Return every line below in which "Clap" appears.
** Opening Supplied entries block **
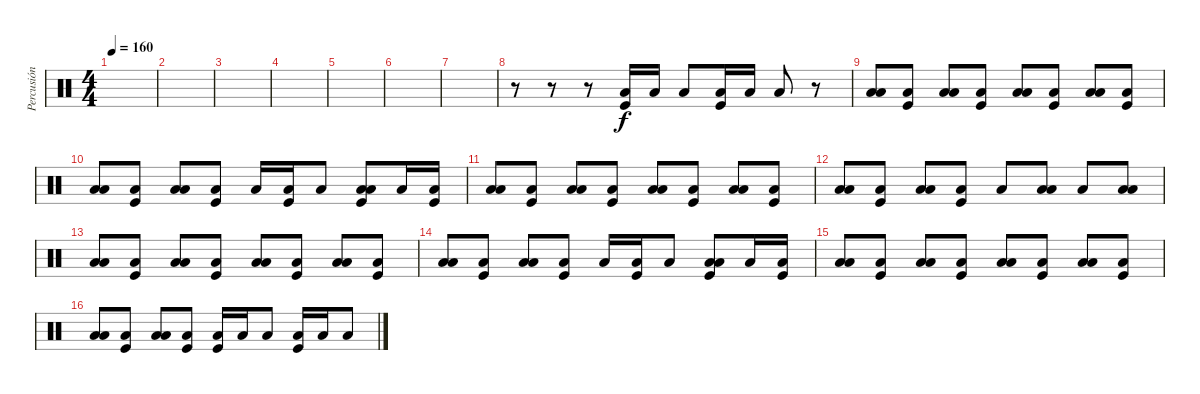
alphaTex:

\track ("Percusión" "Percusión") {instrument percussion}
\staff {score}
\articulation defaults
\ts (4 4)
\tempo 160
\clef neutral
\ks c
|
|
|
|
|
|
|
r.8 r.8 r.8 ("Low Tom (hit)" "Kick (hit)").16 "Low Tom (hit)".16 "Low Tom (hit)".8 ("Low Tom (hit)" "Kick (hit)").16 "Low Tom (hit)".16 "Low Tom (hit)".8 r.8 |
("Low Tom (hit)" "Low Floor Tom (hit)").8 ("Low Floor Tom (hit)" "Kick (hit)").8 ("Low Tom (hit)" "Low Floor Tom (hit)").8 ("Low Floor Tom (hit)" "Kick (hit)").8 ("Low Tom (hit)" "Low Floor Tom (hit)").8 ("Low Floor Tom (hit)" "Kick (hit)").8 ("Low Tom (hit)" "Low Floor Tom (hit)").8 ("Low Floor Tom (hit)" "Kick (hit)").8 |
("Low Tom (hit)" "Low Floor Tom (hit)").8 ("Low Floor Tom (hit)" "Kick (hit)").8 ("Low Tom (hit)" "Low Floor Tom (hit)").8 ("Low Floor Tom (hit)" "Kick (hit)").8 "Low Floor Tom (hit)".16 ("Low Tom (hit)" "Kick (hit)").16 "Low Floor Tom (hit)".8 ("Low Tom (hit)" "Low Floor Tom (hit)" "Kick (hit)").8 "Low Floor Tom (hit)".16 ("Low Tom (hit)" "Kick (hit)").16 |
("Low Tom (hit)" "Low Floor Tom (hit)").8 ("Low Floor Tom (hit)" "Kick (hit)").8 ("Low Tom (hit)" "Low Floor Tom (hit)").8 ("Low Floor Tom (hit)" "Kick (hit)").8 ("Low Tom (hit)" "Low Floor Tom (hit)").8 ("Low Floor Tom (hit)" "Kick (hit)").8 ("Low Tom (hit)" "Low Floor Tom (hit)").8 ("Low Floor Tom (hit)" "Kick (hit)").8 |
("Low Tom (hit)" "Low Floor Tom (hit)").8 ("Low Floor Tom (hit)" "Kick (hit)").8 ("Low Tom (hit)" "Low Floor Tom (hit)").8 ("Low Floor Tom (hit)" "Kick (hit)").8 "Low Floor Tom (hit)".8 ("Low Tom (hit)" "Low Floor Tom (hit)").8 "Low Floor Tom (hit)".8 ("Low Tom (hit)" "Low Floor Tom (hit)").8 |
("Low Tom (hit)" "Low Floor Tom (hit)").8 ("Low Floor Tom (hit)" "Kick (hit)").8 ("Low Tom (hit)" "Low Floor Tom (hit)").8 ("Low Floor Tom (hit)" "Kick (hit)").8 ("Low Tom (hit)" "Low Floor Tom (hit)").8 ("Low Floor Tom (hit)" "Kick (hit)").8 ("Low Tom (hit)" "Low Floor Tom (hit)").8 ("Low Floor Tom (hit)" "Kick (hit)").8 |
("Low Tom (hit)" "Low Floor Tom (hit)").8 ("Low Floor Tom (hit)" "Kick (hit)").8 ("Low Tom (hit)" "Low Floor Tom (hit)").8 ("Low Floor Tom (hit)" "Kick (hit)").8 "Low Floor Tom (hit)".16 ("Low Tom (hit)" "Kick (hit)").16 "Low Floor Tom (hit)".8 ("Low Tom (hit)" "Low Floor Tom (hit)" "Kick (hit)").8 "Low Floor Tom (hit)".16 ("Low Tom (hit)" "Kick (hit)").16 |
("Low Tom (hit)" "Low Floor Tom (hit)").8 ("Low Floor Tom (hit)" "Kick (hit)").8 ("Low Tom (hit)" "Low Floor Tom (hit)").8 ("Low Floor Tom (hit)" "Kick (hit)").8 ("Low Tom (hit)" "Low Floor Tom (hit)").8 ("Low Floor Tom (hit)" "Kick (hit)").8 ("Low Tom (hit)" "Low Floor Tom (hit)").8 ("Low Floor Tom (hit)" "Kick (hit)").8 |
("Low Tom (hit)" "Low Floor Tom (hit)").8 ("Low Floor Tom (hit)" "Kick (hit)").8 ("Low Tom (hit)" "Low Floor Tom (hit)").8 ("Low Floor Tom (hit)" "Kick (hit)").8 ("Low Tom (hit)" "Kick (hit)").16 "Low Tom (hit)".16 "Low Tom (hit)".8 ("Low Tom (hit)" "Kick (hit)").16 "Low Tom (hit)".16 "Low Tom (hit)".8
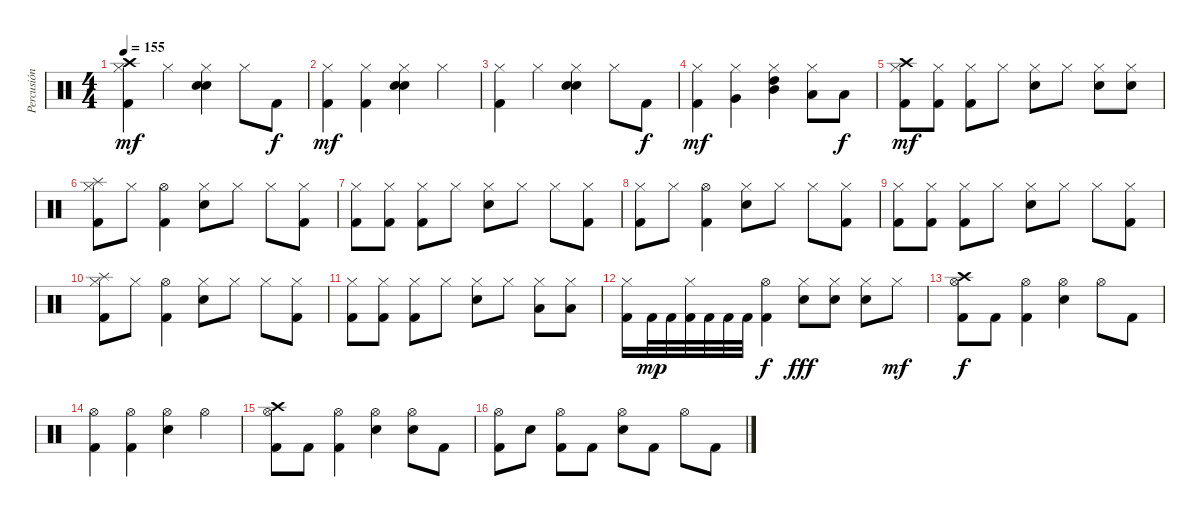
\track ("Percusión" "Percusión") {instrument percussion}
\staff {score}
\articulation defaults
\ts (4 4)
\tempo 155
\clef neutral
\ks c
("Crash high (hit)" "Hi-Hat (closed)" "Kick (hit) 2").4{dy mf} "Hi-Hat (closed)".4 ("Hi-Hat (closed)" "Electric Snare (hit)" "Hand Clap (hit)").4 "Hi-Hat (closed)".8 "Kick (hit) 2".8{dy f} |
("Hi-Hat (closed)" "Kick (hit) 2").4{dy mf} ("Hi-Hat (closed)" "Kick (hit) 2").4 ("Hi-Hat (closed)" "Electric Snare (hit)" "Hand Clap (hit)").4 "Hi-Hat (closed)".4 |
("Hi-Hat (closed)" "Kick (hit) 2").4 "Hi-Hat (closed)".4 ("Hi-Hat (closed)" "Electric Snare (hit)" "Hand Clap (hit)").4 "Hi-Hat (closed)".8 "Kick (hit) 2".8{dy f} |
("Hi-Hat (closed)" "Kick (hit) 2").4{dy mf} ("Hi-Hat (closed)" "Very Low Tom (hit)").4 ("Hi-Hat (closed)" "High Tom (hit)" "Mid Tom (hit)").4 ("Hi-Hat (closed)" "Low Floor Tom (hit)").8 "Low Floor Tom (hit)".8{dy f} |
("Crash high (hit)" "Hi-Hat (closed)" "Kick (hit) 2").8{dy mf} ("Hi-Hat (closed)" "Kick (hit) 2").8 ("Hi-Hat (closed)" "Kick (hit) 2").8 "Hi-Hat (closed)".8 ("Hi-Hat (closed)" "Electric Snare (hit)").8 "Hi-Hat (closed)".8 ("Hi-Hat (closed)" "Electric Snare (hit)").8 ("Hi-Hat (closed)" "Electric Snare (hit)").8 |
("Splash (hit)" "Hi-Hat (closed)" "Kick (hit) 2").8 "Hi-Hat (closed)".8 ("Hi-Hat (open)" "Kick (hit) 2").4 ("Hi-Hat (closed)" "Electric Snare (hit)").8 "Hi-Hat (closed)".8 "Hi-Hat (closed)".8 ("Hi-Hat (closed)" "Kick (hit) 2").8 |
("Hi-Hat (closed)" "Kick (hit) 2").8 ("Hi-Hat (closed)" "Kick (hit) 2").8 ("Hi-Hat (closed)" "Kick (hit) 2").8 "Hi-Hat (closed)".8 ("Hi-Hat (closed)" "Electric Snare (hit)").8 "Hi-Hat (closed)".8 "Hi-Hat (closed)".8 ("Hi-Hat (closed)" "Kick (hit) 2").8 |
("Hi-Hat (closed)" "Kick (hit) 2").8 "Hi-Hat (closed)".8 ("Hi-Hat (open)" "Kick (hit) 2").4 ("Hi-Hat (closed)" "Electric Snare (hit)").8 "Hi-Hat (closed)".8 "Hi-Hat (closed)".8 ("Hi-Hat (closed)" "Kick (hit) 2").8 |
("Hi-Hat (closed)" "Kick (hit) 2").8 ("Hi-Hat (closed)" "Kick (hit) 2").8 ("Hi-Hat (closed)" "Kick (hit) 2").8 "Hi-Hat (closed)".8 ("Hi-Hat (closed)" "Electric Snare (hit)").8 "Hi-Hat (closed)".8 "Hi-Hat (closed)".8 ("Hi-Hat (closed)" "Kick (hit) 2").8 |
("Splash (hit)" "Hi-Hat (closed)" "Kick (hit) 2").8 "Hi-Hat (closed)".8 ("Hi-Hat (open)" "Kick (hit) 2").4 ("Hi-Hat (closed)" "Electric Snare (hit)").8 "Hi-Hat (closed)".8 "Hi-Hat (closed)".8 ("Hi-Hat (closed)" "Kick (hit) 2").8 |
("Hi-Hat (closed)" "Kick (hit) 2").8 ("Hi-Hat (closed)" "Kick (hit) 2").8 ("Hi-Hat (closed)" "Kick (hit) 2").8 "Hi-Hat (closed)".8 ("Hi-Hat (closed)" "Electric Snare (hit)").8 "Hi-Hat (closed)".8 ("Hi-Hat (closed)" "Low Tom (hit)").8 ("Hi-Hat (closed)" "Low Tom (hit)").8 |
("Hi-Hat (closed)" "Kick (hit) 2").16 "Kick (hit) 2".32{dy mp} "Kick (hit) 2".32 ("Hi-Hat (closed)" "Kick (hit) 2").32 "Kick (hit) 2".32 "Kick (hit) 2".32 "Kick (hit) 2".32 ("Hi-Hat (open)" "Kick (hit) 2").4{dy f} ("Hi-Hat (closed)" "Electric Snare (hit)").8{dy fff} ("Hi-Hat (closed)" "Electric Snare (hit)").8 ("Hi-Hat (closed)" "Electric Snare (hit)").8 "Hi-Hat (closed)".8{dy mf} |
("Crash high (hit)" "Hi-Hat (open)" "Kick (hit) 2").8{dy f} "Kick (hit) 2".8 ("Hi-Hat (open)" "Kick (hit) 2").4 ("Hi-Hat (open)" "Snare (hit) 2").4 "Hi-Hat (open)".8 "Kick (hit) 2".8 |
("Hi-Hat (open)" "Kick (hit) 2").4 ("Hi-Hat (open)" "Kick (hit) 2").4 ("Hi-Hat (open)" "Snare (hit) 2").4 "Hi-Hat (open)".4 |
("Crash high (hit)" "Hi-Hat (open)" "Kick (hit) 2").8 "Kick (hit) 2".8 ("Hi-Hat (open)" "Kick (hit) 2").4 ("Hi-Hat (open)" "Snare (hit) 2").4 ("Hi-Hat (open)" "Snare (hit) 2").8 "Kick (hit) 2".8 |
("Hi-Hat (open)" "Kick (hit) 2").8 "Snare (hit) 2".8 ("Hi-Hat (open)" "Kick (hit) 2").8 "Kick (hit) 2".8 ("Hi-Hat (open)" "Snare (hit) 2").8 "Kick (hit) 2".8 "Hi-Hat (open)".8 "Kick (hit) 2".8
** Closing Supplied entries block **
# Result below:
("Crash high (hit)" "Hi-Hat (closed)" "Kick (hit) 2").4{dy mf} "Hi-Hat (closed)".4 ("Hi-Hat (closed)" "Electric Snare (hit)" "Hand Clap (hit)").4 "Hi-Hat (closed)".8 "Kick (hit) 2".8{dy f} |
("Hi-Hat (closed)" "Kick (hit) 2").4{dy mf} ("Hi-Hat (closed)" "Kick (hit) 2").4 ("Hi-Hat (closed)" "Electric Snare (hit)" "Hand Clap (hit)").4 "Hi-Hat (closed)".4 |
("Hi-Hat (closed)" "Kick (hit) 2").4 "Hi-Hat (closed)".4 ("Hi-Hat (closed)" "Electric Snare (hit)" "Hand Clap (hit)").4 "Hi-Hat (closed)".8 "Kick (hit) 2".8{dy f} |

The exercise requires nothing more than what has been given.